The only answer was from a Steller’s jay mocking him from a branch of fir outside. He turned and the bird shook its blue wings at him, lowered its black head, and shrieked with a terrible rage. At the bird’s scream Art’s skin came alive, the last of the drugs in him exploding. Electrified chiggers crawled under his skin. He threw his arms out and spun around, the first-aid kit tight in his fist banging against the door jamb as he stumbled from the stoop to the dirt. He knelt there shaking, the bird staring down at him, silent, waiting to see if he dared rise up again.
“Fuck off,” he said, as much to himself as to the bird. He got to his feet, exhausted, the bird giving one last scream as he climbed back up the steps to the open door.
The joy-shack’s room stretched long and narrow into the shadows. McAllister hadn’t cut windows in the thin plywood walls, but sharp cracks of light cut across the spaces from where the wooden sheets had been nailed on badly, three bluebottle flies soaring in and out of the slats of brightness with steady, exhausting drones. The door open, they didn’t flee, but kept on in their endless jagged triangles and squares.
The room had been cleaned up since the night before. Jim’s chainsaws were still there along with his swede saw and handsaws. The steel tool box that likely held most of his wrenches and screwdrivers, hammers and other small tools was in the corner by the workbench. There were a couple of cartons neatly stacked against the wall, but the odds and ends of things that were there the night before were gone. He remembered vaguely the mess the joy-shack had been. Everything now was neat and tidy. The washing machine that’d been there had vanished. Like most everything else that was gone it was as if it had never been. He remembered seeing the frayed cord hanging from the machine’s back, a copper fox tail hanging down, but even if the plug had still been attached the machine wouldn’t have worked without electricity. He’d wondered why McAllister would have cut the plug off and thought maybe the sawyer had got a deal on the machine, buying it from someone downriver, someone who had no more use for it
than the sawyer had now. Maybe Jim was going to fix the cord if they moved on to another mill town where they’d have power. There’d been a box freezer but it was gone too. Just something else that had been useless up the river.
Jim and Irene storing stuff for another day wasn’t any different than everyone else in the village. Most people had packed away junk they couldn’t use, washing machines, televisions that didn’t work because there was no signal they could get, vacuum cleaners, anything that needed electricity. It was like people were just waiting for the day when they got away from the valley.
All junk, he thought. And then, Irene.
There were only two windows on this side of the trailer, the one down by the bedroom and the other inside the joy-shack by the trailer door. The curtains were pulled close in both. He peered through the thin slit in the curtains by the door but all he could see was a stub of nail pounded partway into a scratched plywood wall.

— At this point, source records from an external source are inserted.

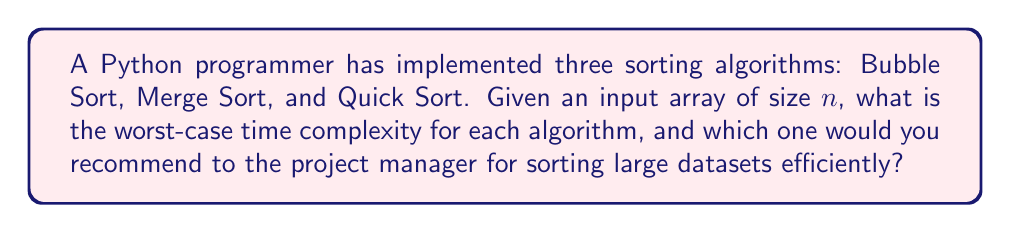Show me your answer to this math problem. Let's analyze the time complexity of each sorting algorithm:

1. Bubble Sort:
   - In the worst case, Bubble Sort makes $n-1$ passes through the array.
   - In each pass, it performs up to $n-1$ comparisons and swaps.
   - Total operations: $(n-1) \times (n-1) = n^2 - 2n + 1$
   - Worst-case time complexity: $O(n^2)$

2. Merge Sort:
   - Merge Sort uses a divide-and-conquer approach.
   - It recursively divides the array into two halves until reaching single elements.
   - The merge step takes $O(n)$ time for each level of recursion.
   - There are $\log_2 n$ levels of recursion.
   - Total time: $n \times \log_2 n$
   - Worst-case time complexity: $O(n \log n)$

3. Quick Sort:
   - In the average case, Quick Sort has a time complexity of $O(n \log n)$.
   - However, in the worst case (when the pivot is always the smallest or largest element):
     - There are $n$ levels of recursion.
     - Each level processes $n, n-1, n-2, ..., 2, 1$ elements.
     - Total operations: $\frac{n(n+1)}{2}$
   - Worst-case time complexity: $O(n^2)$

Comparing the worst-case time complexities:
- Bubble Sort: $O(n^2)$
- Merge Sort: $O(n \log n)$
- Quick Sort: $O(n^2)$

For large datasets, Merge Sort would be the most efficient choice in terms of worst-case time complexity. It consistently performs at $O(n \log n)$, which is significantly better than $O(n^2)$ for large $n$. While Quick Sort has the same average-case complexity as Merge Sort, its worst-case performance can be problematic for large datasets.

Therefore, the recommendation to the project manager would be to use Merge Sort for sorting large datasets efficiently, as it provides consistent performance regardless of the input data's initial order.
Answer: Merge Sort with $O(n \log n)$ worst-case time complexity 
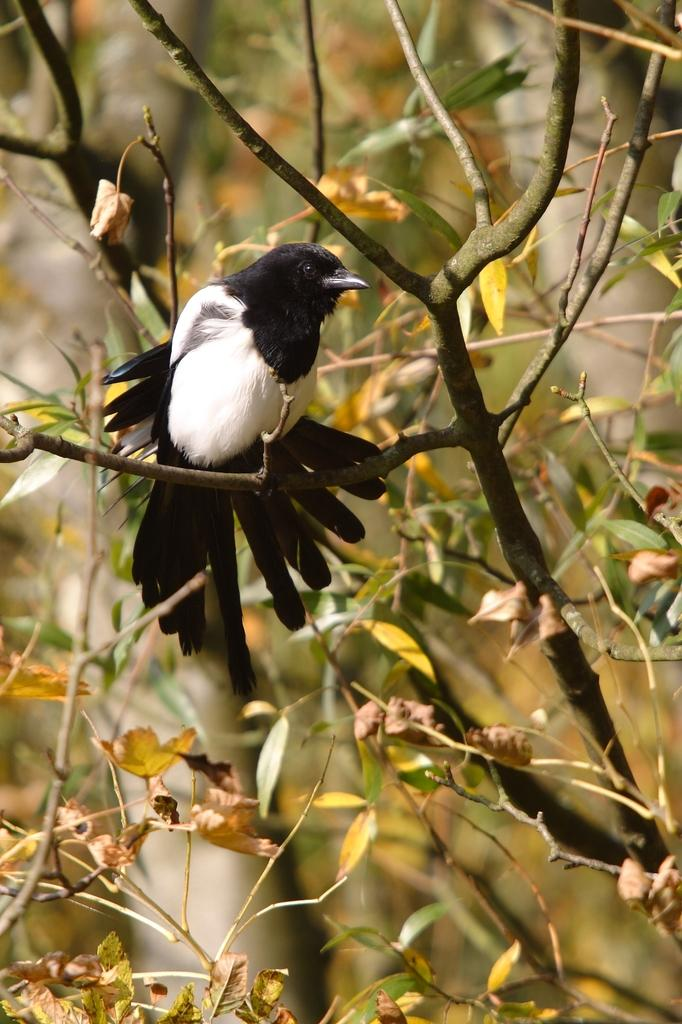What type of vegetation can be seen in the image? There are branches with leaves in the image. Are there any animals visible in the image? Yes, there is a bird in the image. Can you describe the background of the image? The background of the image is blurred. What type of bat is flying next to the bird in the image? There is no bat present in the image; only a bird and branches with leaves are visible. What type of trade is being conducted in the image? There is no trade being conducted in the image; it features a bird and branches with leaves. 
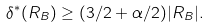<formula> <loc_0><loc_0><loc_500><loc_500>\delta ^ { * } ( R _ { B } ) \geq ( 3 / 2 + \alpha / 2 ) | R _ { B } | .</formula> 
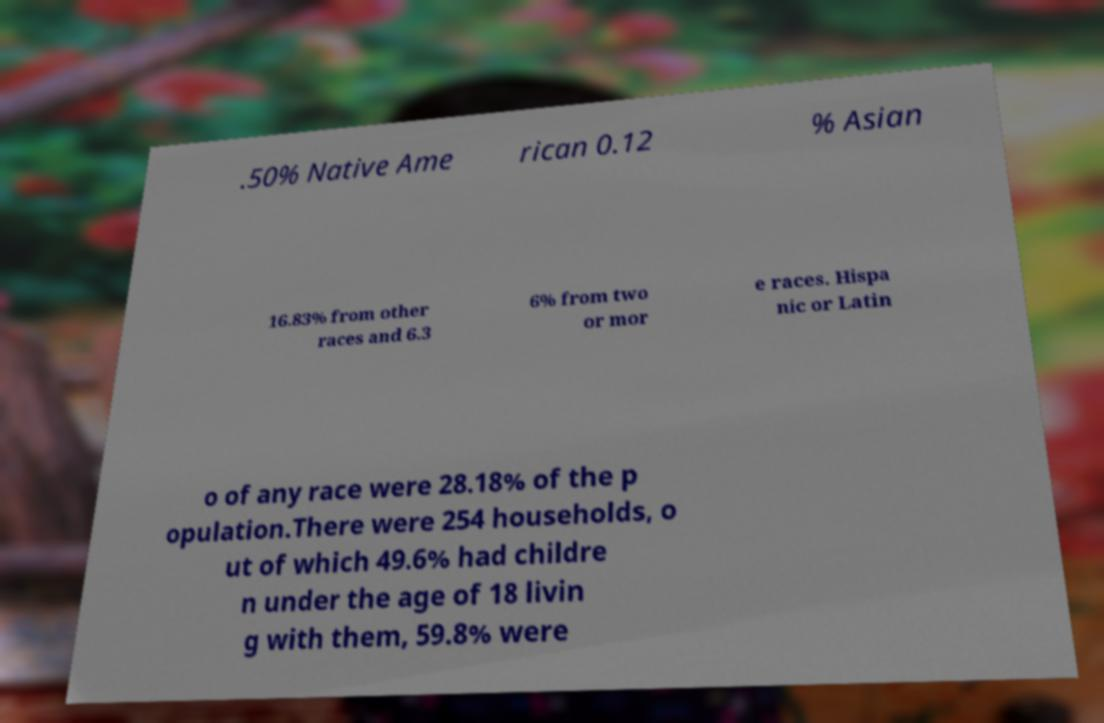Can you read and provide the text displayed in the image?This photo seems to have some interesting text. Can you extract and type it out for me? .50% Native Ame rican 0.12 % Asian 16.83% from other races and 6.3 6% from two or mor e races. Hispa nic or Latin o of any race were 28.18% of the p opulation.There were 254 households, o ut of which 49.6% had childre n under the age of 18 livin g with them, 59.8% were 
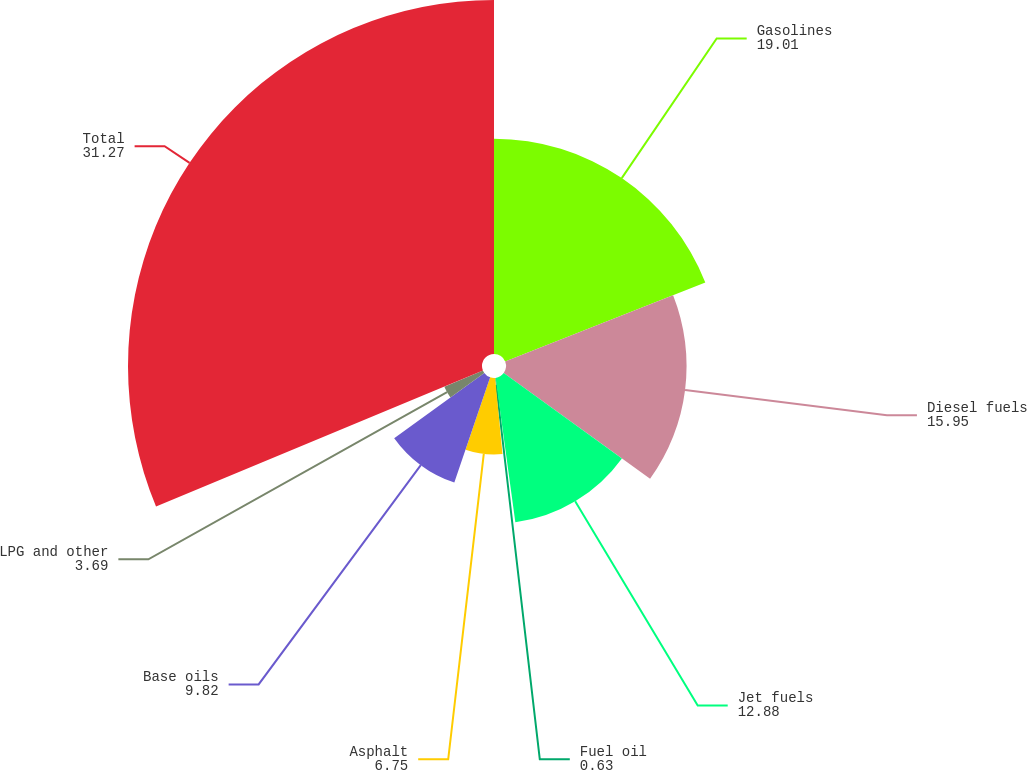<chart> <loc_0><loc_0><loc_500><loc_500><pie_chart><fcel>Gasolines<fcel>Diesel fuels<fcel>Jet fuels<fcel>Fuel oil<fcel>Asphalt<fcel>Base oils<fcel>LPG and other<fcel>Total<nl><fcel>19.01%<fcel>15.95%<fcel>12.88%<fcel>0.63%<fcel>6.75%<fcel>9.82%<fcel>3.69%<fcel>31.27%<nl></chart> 
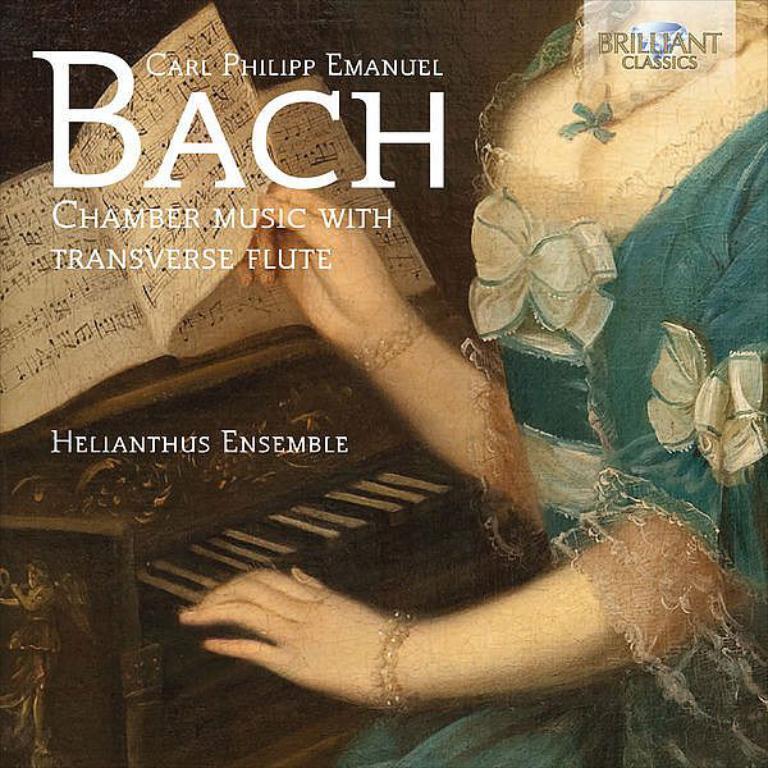Can you describe this image briefly? In this image, we can see a person who´is face is not visible holding a page with her hand. There is a piano in the bottom left of the image. 
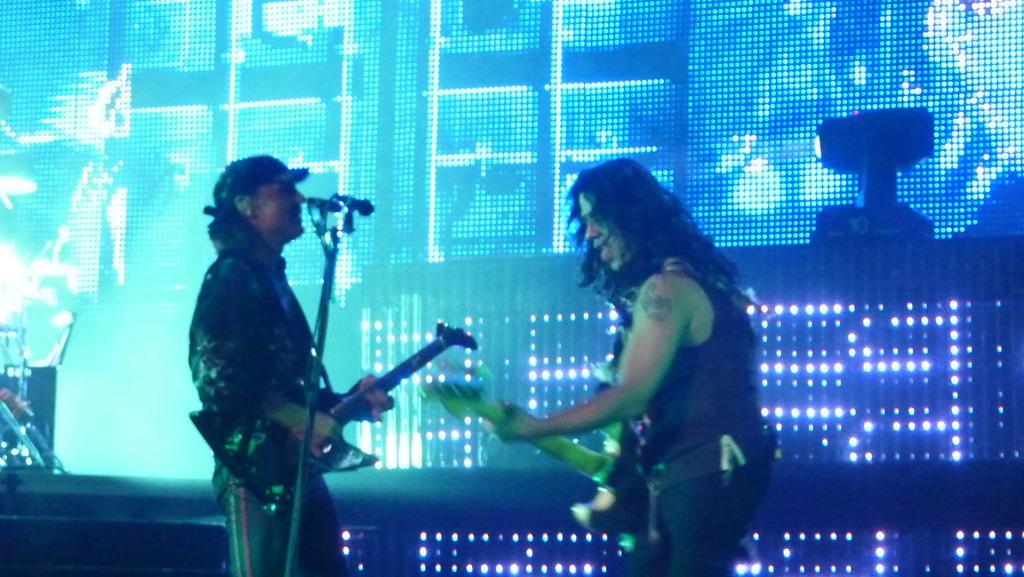Can you describe this image briefly? In this image there are two people playing musical instruments and there is a mike, in the background there is a screen. 
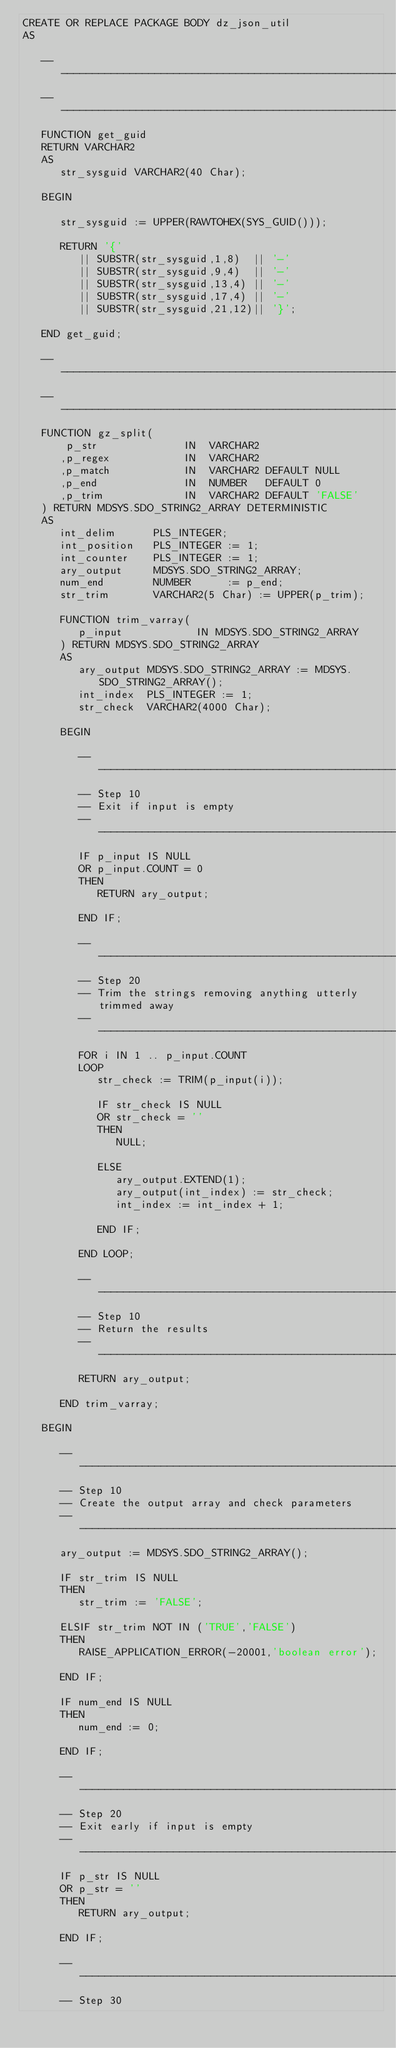<code> <loc_0><loc_0><loc_500><loc_500><_SQL_>CREATE OR REPLACE PACKAGE BODY dz_json_util
AS

   -----------------------------------------------------------------------------
   -----------------------------------------------------------------------------
   FUNCTION get_guid
   RETURN VARCHAR2
   AS
      str_sysguid VARCHAR2(40 Char);
      
   BEGIN
   
      str_sysguid := UPPER(RAWTOHEX(SYS_GUID()));
      
      RETURN '{' 
         || SUBSTR(str_sysguid,1,8)  || '-'
         || SUBSTR(str_sysguid,9,4)  || '-'
         || SUBSTR(str_sysguid,13,4) || '-'
         || SUBSTR(str_sysguid,17,4) || '-'
         || SUBSTR(str_sysguid,21,12)|| '}';
   
   END get_guid;
   
   -----------------------------------------------------------------------------
   -----------------------------------------------------------------------------
   FUNCTION gz_split(
       p_str              IN  VARCHAR2
      ,p_regex            IN  VARCHAR2
      ,p_match            IN  VARCHAR2 DEFAULT NULL
      ,p_end              IN  NUMBER   DEFAULT 0
      ,p_trim             IN  VARCHAR2 DEFAULT 'FALSE'
   ) RETURN MDSYS.SDO_STRING2_ARRAY DETERMINISTIC 
   AS
      int_delim      PLS_INTEGER;
      int_position   PLS_INTEGER := 1;
      int_counter    PLS_INTEGER := 1;
      ary_output     MDSYS.SDO_STRING2_ARRAY;
      num_end        NUMBER      := p_end;
      str_trim       VARCHAR2(5 Char) := UPPER(p_trim);
      
      FUNCTION trim_varray(
         p_input            IN MDSYS.SDO_STRING2_ARRAY
      ) RETURN MDSYS.SDO_STRING2_ARRAY
      AS
         ary_output MDSYS.SDO_STRING2_ARRAY := MDSYS.SDO_STRING2_ARRAY();
         int_index  PLS_INTEGER := 1;
         str_check  VARCHAR2(4000 Char);
         
      BEGIN

         --------------------------------------------------------------------------
         -- Step 10
         -- Exit if input is empty
         --------------------------------------------------------------------------
         IF p_input IS NULL
         OR p_input.COUNT = 0
         THEN
            RETURN ary_output;
            
         END IF;

         --------------------------------------------------------------------------
         -- Step 20
         -- Trim the strings removing anything utterly trimmed away
         --------------------------------------------------------------------------
         FOR i IN 1 .. p_input.COUNT
         LOOP
            str_check := TRIM(p_input(i));
            
            IF str_check IS NULL
            OR str_check = ''
            THEN
               NULL;
               
            ELSE
               ary_output.EXTEND(1);
               ary_output(int_index) := str_check;
               int_index := int_index + 1;
               
            END IF;

         END LOOP;

         --------------------------------------------------------------------------
         -- Step 10
         -- Return the results
         --------------------------------------------------------------------------
         RETURN ary_output;

      END trim_varray;

   BEGIN

      --------------------------------------------------------------------------
      -- Step 10
      -- Create the output array and check parameters
      --------------------------------------------------------------------------
      ary_output := MDSYS.SDO_STRING2_ARRAY();

      IF str_trim IS NULL
      THEN
         str_trim := 'FALSE';
         
      ELSIF str_trim NOT IN ('TRUE','FALSE')
      THEN
         RAISE_APPLICATION_ERROR(-20001,'boolean error');
         
      END IF;

      IF num_end IS NULL
      THEN
         num_end := 0;
         
      END IF;

      --------------------------------------------------------------------------
      -- Step 20
      -- Exit early if input is empty
      --------------------------------------------------------------------------
      IF p_str IS NULL
      OR p_str = ''
      THEN
         RETURN ary_output;
         
      END IF;

      --------------------------------------------------------------------------
      -- Step 30</code> 
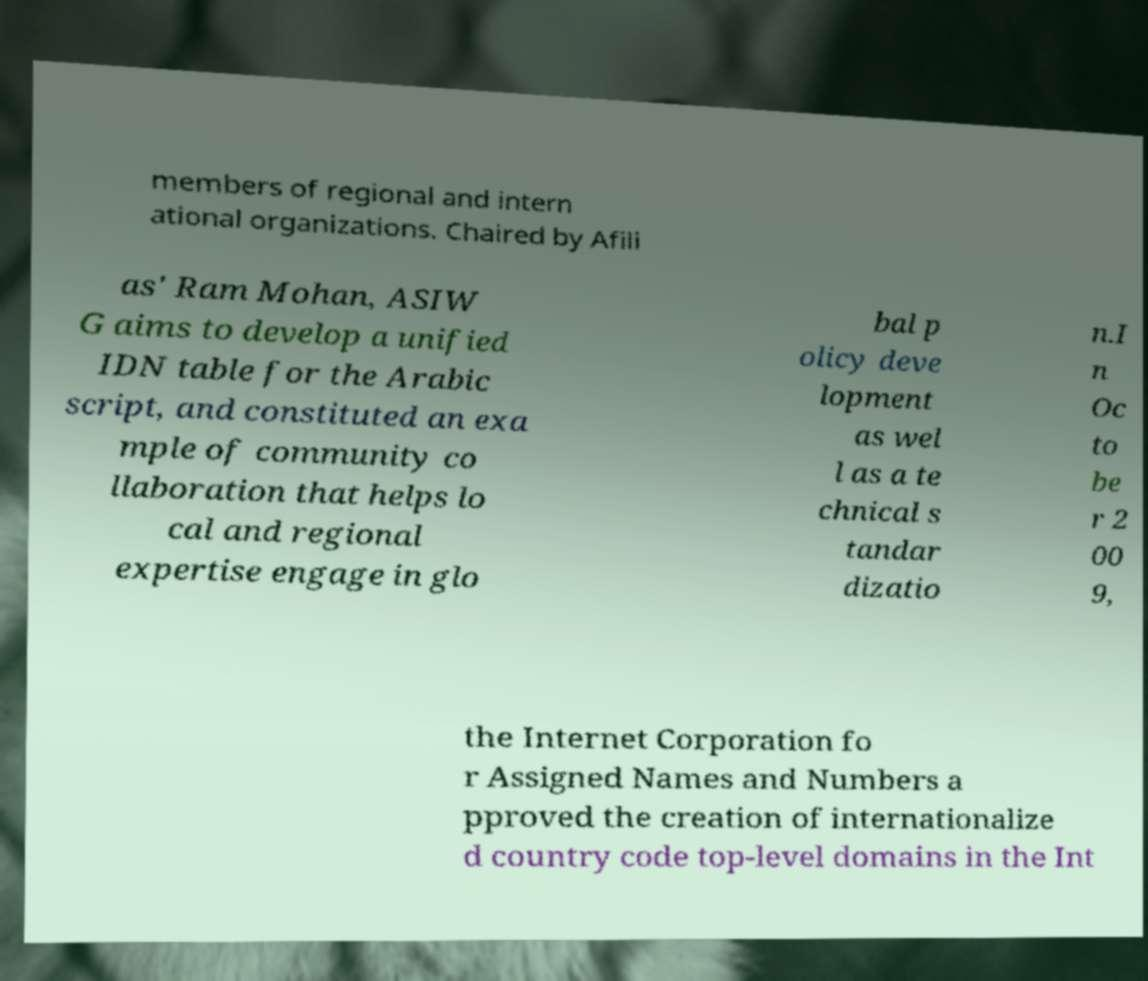I need the written content from this picture converted into text. Can you do that? members of regional and intern ational organizations. Chaired by Afili as' Ram Mohan, ASIW G aims to develop a unified IDN table for the Arabic script, and constituted an exa mple of community co llaboration that helps lo cal and regional expertise engage in glo bal p olicy deve lopment as wel l as a te chnical s tandar dizatio n.I n Oc to be r 2 00 9, the Internet Corporation fo r Assigned Names and Numbers a pproved the creation of internationalize d country code top-level domains in the Int 
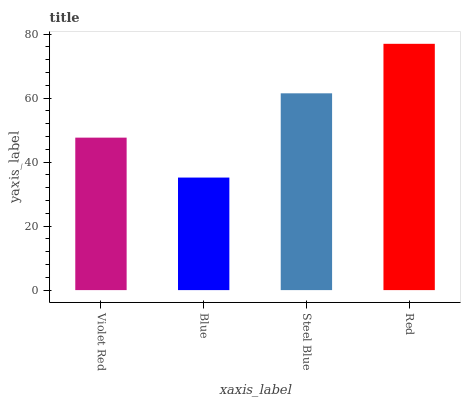Is Blue the minimum?
Answer yes or no. Yes. Is Red the maximum?
Answer yes or no. Yes. Is Steel Blue the minimum?
Answer yes or no. No. Is Steel Blue the maximum?
Answer yes or no. No. Is Steel Blue greater than Blue?
Answer yes or no. Yes. Is Blue less than Steel Blue?
Answer yes or no. Yes. Is Blue greater than Steel Blue?
Answer yes or no. No. Is Steel Blue less than Blue?
Answer yes or no. No. Is Steel Blue the high median?
Answer yes or no. Yes. Is Violet Red the low median?
Answer yes or no. Yes. Is Red the high median?
Answer yes or no. No. Is Red the low median?
Answer yes or no. No.

He rapped his knuckles against the window glass and then louder on the door, but there was no answer. If McAllister wasn’t there then he had to be down at the mill or at the store. There was nowhere else he would have gone on foot. Maybe he’d taken off with Ernie somewhere. Either way, Art was glad he was gone. He didn’t feel ready to start fighting him about seeing Irene.
The jay gave one last scream as he tried the trailer door, the handle turning with a wince, the metal door scraping against the white rust on the worn aluminum sill.
The knob felt cool in his palm as he pulled the door wider, a last thin squeak crying light. He sniffed and the sharp burn of vinegar and ammonia seared his nose and throat. It brought back the smell of wounds and outcries, field hospitals, wet rubber sheets in ragged tents, the chemical stink of war, the bodies and the graves. He leaned his head into the room and looked long down the narrow hall past the kitchen…no one.